The Seven Steps
Craft a dynamic campaign plan for each project to ensure conceptual alignment, and so that everyone understands how each other person and piece of work furthers the bigger picture. [Campaign Plan Guide]
Who is this for? Why do they need it? What precisely do we want them to do with it? Our audience is not everyone. As Seth Godin writes, trying to change public opinion directly is like dropping a few drops of purple dye into the ocean—the water stays the same color. But dropping purple dye into a swimming pool is different—the water will turn purple. Our core audience is the swimming pool. Who’s in the swimming pool? The decision-makers and media shapers who collectively have enough juice to change policy and political outcomes, and even, collectively, to reshape public opinion: Public officials, community leaders, reporters, and scholars. [Our Audience Philosophy]
In addition to your core audience, it often makes sense to engage cultural influencers (e.g. social media influencers, artists, writers, directors, producers, musicians, athletes, business leaders); professional associations; political organizations, think tanks, advocacy organizations, and political parties. Think: public forums, sharing on listservs, blog posts, social media engagement.
Don’t spam people. Get useful material into the hands of people who can’t wait to receive and share it because it solidifies their status as an informed insider. This also means curating information from publications to make your work more impactful for specific audience members by, for example, taking long articles or reports and pulling out the quotes or data that’s relevant to them.

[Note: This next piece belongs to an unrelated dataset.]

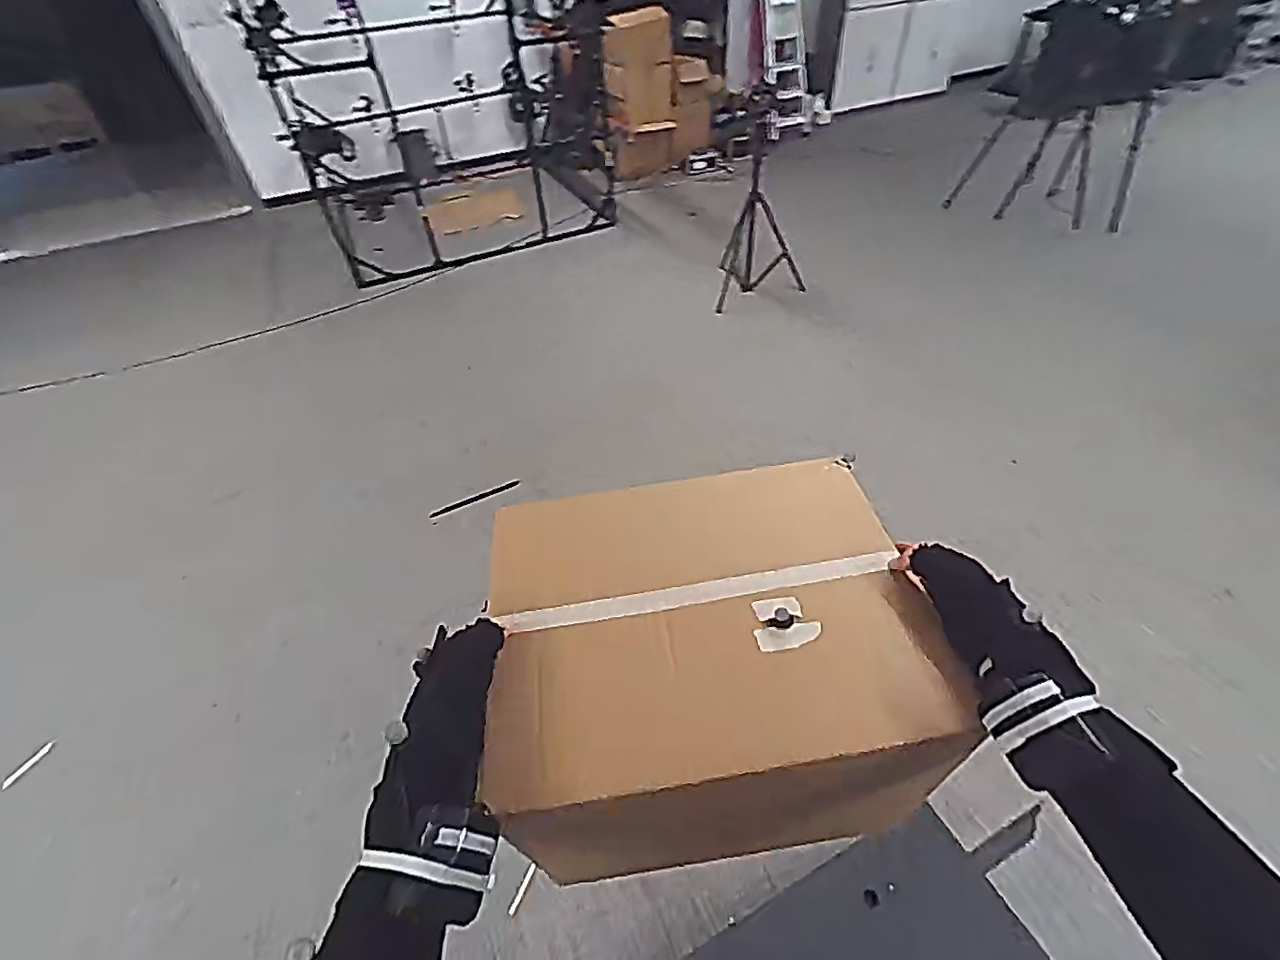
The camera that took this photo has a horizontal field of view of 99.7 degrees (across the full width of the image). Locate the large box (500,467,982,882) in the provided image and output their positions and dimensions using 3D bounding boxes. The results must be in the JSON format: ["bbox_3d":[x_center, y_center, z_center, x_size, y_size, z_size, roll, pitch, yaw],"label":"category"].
[{"bbox_3d":[0.076,0.225,0.636,0.408,0.320,0.320,-9,45,-2],"label":"large box"}]

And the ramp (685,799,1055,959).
[{"bbox_3d":[0.416,1.103,1.080,0.991,0.206,0.509,-24,46,-17],"label":"ramp"}]

First, demonstrate momentum by identifying examples of seemingly isolated stories, ideas, and policy wins and packaging them together. This increases salience and momentum, which drives toward adoption. Then, when concrete steps toward adoption occur, highlight those events while again placing them in a broader context by repackaging content, which further increases salience and momentum. The more salience and momentum for the policy, the more the core narrative is reinforced.
It’s often the passive, repetitive flow of information that increases the salience and importance of ideas, which shapes opinions and behaviors over time. Tell stories repeatedly and through different types of products—for example, original reporting, commentary, explainers, newsletters, podcasts, video, original polling, white papers, and scholarly articles. Take quotes, video clips, data, and takeaways from publications and share them through the channels and on the platforms where our core audience congregates. Package this coverage, and put it in the hands of the people who are best positioned to use it to create change. This work increases salience and support for the issue, shaping the context in which leaders make decisions.
You want decision-makers and media-shapers to feel how everyone, everywhere in their social sphere is talking about these issues. That’s why you should not only produce and disseminate your own content, but also partner with external media, researchers, and practitioners to illustrate that the momentum behind the policy is coming from everywhere, but also, nowhere in particular.